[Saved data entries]
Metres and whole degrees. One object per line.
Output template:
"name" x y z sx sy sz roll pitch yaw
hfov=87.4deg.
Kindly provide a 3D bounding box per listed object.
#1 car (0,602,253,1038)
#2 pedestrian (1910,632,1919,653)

---

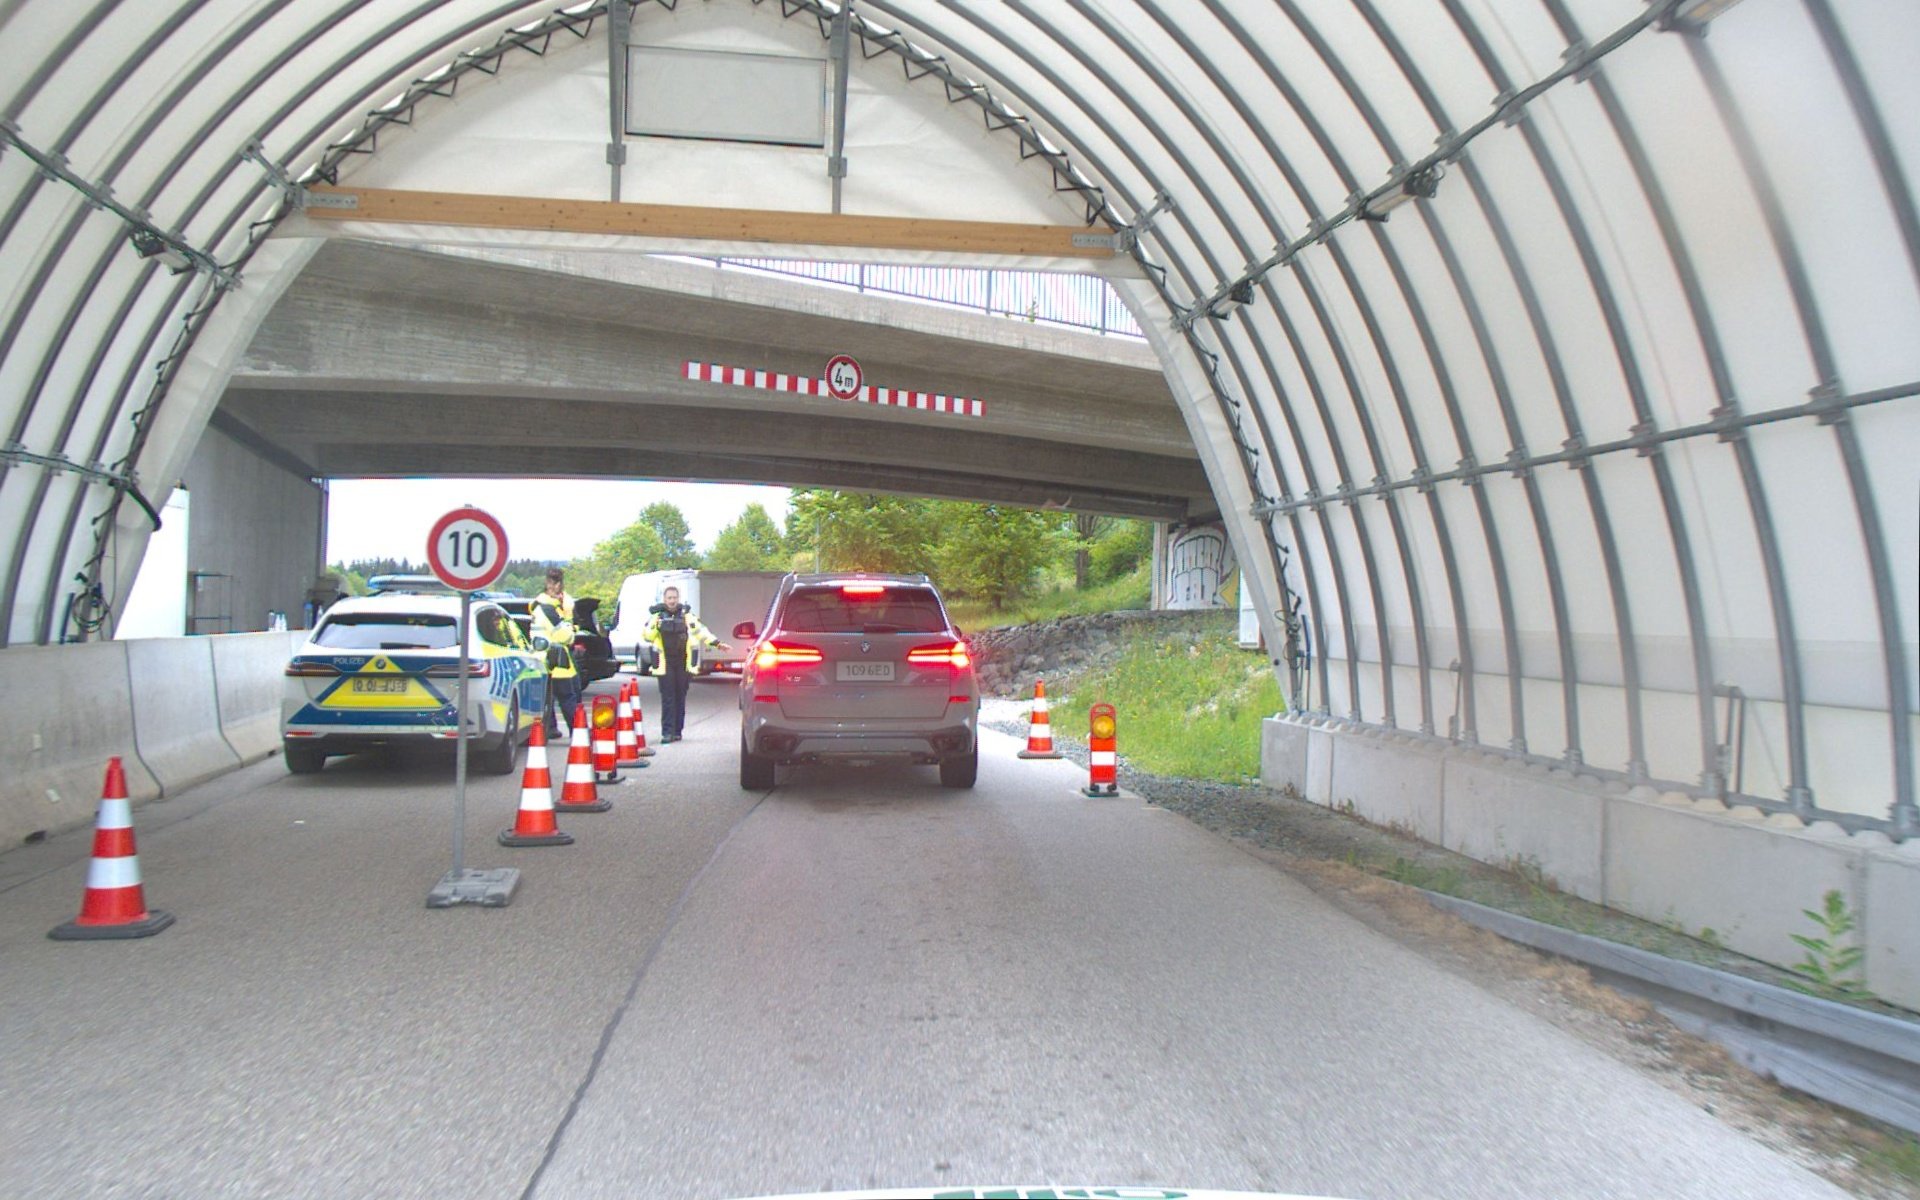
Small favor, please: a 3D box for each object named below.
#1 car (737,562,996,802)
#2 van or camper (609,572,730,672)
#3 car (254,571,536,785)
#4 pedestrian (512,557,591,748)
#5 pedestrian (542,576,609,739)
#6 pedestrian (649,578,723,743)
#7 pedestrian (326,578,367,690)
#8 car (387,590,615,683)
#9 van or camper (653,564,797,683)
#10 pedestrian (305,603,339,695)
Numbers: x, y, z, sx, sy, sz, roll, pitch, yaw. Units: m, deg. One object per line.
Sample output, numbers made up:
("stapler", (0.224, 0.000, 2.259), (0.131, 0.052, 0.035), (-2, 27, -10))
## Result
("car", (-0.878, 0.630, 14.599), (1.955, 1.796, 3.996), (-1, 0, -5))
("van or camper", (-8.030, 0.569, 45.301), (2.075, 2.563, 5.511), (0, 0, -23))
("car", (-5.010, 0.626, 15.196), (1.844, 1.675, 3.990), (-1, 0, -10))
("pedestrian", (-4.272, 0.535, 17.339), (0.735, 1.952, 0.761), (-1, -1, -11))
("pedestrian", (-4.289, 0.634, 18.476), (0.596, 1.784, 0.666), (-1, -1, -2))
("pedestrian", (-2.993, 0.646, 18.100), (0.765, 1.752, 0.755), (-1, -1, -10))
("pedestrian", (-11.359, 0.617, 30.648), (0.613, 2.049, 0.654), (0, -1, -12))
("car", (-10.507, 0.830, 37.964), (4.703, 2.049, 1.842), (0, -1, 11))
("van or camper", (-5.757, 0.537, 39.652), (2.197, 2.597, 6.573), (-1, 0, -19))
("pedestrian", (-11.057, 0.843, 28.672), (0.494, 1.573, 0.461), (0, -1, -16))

--

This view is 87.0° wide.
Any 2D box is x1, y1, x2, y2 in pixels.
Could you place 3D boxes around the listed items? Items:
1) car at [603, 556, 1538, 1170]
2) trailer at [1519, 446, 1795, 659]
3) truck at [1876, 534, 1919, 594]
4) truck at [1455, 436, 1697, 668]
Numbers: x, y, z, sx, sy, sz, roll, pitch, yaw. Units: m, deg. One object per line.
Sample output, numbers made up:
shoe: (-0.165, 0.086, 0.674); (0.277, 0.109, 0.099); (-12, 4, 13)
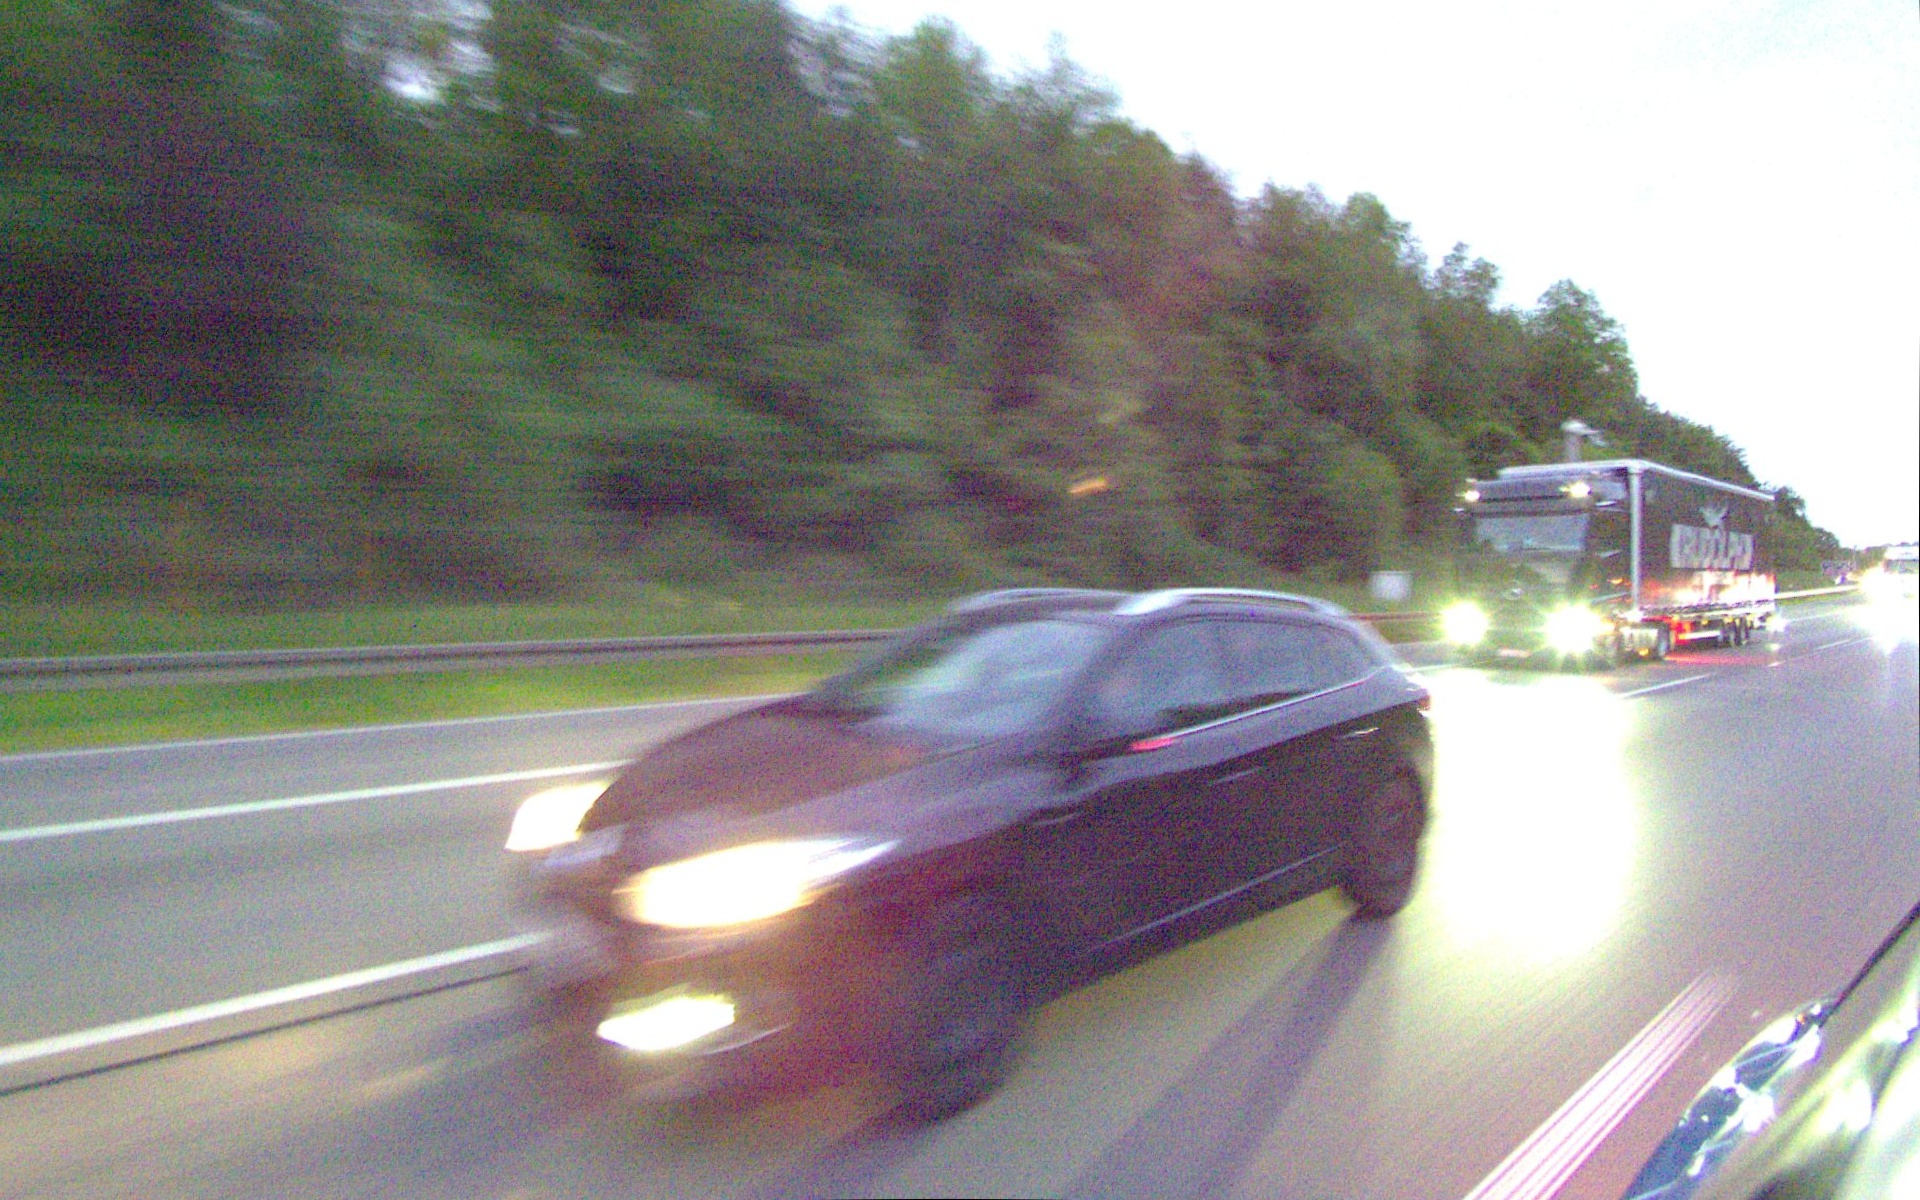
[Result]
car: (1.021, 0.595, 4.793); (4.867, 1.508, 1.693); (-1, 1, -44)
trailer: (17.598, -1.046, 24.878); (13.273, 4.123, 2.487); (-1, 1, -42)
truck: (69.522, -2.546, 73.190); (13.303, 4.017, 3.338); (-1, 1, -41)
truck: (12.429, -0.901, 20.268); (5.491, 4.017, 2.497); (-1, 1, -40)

• [Exercise goal]: In the entries above, one line contains "Metres and whole" and another contains "#2 pedestrian (1910,632,1919,653)". Reproduce exactly those two lines and the lines between them, nothing else.

• [Task result]:
Metres and whole degrees. One object per line.
Output template:
"name" x y z sx sy sz roll pitch yaw
hfov=87.4deg.
Kindly provide a 3D bounding box per listed object.
#1 car (0,602,253,1038)
#2 pedestrian (1910,632,1919,653)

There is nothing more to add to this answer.